In this tutorial we'll demonstrate the analysis of a single-cell dataset using the Seurat package. Seurat is a popular R toolkit for the analysis of single-cell data developed by the Satija lab at the New York Genome Center. You can find extensive documentation and example analyses on the Seurat website: https://satijalab.org/seurat/index.html
If you're new to R, some excellent resources for getting started with the language are available here: https://swirlstats.com, https://www.codecademy.com/learn/learn-r
In this workshop we'll also be running an analysis using jupyter notebooks. These are intuitive to use, and enable mixing code with text. You can find out more about jupyter notebooks and jupyterlab here: https://jupyter.org
The easiest way to get started is to install miniconda if you haven't already: https://docs.conda.io/en/latest/miniconda.html
Next, clone this repository:
git clone https://github.com/timoast/UCLA-T32.git
cd UCLA-T32/
While we've provided the materials here in the format of a jupyter notebook, RStudio also provides an excellent environment for using the R language (and is what I use most of the time for analysis and development in R).
Create and activate a new conda environment using the environment file in this repository:
conda env create -f environment.yaml
conda activate t32
Next launch R and install the IRkernel and required packages:
# install the R kernel for Jupyter
IRkernel::installspec()
# install Seurat
install.packages("Seurat")
# install presto for fast DE (optional)
install.packages("remotes")
remotes::install_github('immunogenomics/presto')
# install dplyr for data manipulation (optional)
install.packages("dplyr")
# install SeuratDisk for loading h5seurat files (optional)

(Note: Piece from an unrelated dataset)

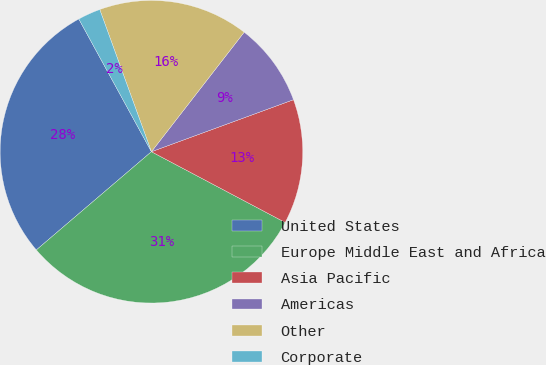Convert chart to OTSL. <chart><loc_0><loc_0><loc_500><loc_500><pie_chart><fcel>United States<fcel>Europe Middle East and Africa<fcel>Asia Pacific<fcel>Americas<fcel>Other<fcel>Corporate<nl><fcel>28.28%<fcel>31.01%<fcel>13.33%<fcel>8.91%<fcel>16.05%<fcel>2.42%<nl></chart>

remotes::install_github("mojaveazure/seurat-disk")
Optionally, you can also install the RStudio keyboard shortcuts for jupyter. This
allows you to, for example, insert the arrow assignment <-
by pressing option -
and the pipe %>%
by pressing cmd shift M
:
jupyter labextension install @techrah/text-shortcuts
See the github page for more information.
For this tutorial we'll be using a publicly available multimodal single-cell dataset generated by 10x Genomics, profiling human peripheral blood mononuclear cells (PBMCs). This dataset measured gene expression alongside the abundance of nine cell-surface proteins in 1,000 single cells and can be downloaded from the 10x Genomics website:
wget https://cf.10xgenomics.com/samples/cell-exp/6.0.0/1k_PBMCs_TotalSeq_B_3p_LT/1k_PBMCs_TotalSeq_B_3p_LT_filtered_feature_bc_matrix.tar.gz
tar -xvf 1k_PBMCs_TotalSeq_B_3p_LT_filtered_feature_bc_matrix.tar.gz
rm 1k_PBMCs_TotalSeq_B_3p_LT_filtered_feature_bc_matrix.tar.gz
Optionally, we can also download a PBMC reference dataset that will be useful in our analysis (2.21 Gb file):
wget https://atlas.fredhutch.org/data/nygc/multimodal/pbmc_multimodal.h5seurat
Many different free public datasets are available on the 10x Genomics website: https://support.10xgenomics.com/single-cell-gene-expression/datasets.
If you're running on a local machine, you can start jupyter simply by running:
jupyter lab
If you're using a remote server, you need to first start jupyter on the remote server:
jupyter lab --no-browser --port=8889
Then set up ssh port forwarding on your local machine:
ssh -f <remote_server_address> -L 8889:localhost:8889 -N
You can then open the browser and go to the url printed by jupyter when it launched.